_Records for the exercise:_
● ● ● ● ●

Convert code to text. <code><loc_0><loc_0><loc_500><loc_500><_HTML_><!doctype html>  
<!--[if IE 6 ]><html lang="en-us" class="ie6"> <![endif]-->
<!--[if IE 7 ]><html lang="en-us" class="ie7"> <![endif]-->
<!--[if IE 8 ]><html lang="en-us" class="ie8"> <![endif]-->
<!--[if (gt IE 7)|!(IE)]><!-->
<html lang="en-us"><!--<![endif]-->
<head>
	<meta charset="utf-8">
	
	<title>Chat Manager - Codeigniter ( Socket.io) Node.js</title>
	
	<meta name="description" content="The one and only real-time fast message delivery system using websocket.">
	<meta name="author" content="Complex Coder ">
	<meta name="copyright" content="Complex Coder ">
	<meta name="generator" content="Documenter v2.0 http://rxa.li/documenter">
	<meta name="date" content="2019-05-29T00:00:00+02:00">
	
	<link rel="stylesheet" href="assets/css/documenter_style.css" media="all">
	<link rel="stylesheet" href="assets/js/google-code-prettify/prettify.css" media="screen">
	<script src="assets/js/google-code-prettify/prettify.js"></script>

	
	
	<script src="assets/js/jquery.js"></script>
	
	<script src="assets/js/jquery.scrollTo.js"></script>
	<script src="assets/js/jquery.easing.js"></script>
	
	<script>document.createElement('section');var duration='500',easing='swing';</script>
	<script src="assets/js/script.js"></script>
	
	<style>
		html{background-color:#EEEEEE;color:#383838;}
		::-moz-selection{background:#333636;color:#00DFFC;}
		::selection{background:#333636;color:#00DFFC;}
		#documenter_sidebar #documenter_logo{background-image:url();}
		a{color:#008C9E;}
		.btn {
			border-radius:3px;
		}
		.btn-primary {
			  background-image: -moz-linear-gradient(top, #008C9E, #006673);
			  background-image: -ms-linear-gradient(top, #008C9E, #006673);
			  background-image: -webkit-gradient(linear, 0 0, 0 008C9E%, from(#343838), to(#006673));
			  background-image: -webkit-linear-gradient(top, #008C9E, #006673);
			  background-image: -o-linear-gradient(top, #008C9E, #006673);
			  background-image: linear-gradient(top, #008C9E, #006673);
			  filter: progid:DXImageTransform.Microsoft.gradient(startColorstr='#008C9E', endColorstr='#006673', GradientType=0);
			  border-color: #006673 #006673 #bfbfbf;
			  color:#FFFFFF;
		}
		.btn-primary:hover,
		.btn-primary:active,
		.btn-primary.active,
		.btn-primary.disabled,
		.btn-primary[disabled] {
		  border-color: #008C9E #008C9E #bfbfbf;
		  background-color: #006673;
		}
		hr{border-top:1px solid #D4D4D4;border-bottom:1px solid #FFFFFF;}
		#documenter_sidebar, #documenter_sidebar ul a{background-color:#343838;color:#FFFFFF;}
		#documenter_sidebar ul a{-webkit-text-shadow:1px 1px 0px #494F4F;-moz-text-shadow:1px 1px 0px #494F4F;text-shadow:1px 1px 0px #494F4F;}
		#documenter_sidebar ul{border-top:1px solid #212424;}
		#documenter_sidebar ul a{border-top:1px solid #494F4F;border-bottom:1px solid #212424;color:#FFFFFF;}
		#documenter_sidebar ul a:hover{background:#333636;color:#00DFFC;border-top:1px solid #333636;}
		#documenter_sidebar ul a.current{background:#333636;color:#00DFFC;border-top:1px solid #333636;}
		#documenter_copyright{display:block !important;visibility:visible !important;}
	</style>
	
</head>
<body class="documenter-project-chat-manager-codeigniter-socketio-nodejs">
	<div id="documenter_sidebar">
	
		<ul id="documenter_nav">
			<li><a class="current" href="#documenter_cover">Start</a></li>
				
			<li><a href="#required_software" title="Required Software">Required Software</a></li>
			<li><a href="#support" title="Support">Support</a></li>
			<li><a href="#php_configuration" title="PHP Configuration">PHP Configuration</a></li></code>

● ● ● ● ●

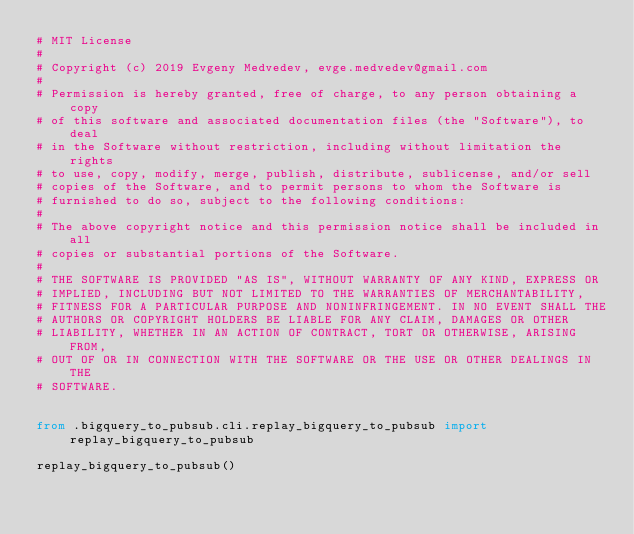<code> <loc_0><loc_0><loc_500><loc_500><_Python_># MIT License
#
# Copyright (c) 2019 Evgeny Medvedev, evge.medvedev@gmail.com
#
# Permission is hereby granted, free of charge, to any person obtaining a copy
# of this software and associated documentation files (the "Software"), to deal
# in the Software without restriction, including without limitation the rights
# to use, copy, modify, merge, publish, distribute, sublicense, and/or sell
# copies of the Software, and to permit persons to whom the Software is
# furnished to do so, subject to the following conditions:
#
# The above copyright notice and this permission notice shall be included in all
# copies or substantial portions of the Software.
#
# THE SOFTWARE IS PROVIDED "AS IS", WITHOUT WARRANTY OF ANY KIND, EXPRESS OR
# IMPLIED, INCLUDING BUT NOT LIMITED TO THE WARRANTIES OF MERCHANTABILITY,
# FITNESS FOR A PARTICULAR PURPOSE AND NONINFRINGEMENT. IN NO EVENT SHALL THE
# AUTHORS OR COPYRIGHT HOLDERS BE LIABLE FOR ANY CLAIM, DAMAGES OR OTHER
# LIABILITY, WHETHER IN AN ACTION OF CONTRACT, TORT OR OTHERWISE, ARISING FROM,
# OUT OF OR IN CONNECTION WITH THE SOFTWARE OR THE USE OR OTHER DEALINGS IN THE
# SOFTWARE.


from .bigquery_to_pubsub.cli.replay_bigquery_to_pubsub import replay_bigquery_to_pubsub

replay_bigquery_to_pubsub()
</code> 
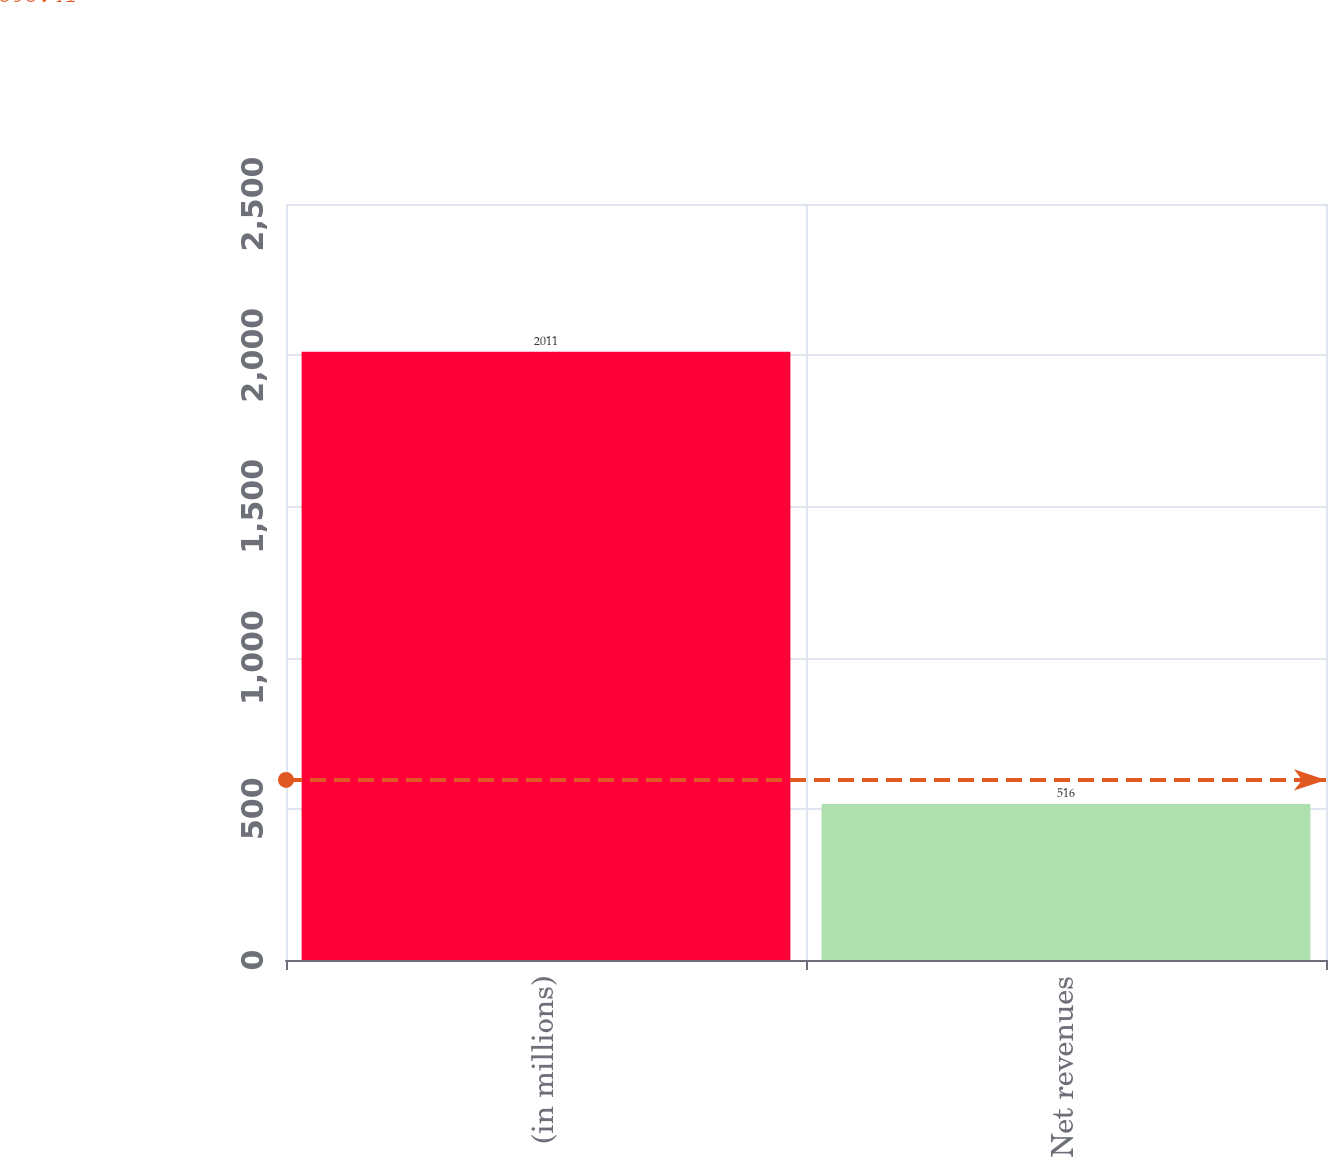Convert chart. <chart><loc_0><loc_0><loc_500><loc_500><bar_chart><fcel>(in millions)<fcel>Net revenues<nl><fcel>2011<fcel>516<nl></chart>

● ● ● ● ●

_What to produce:_
Copy, from the data above, every line where the word "bfbfbf" appears.

_Result below:_
			  border-color: #006673 #006673 #bfbfbf;
		  border-color: #008C9E #008C9E #bfbfbf;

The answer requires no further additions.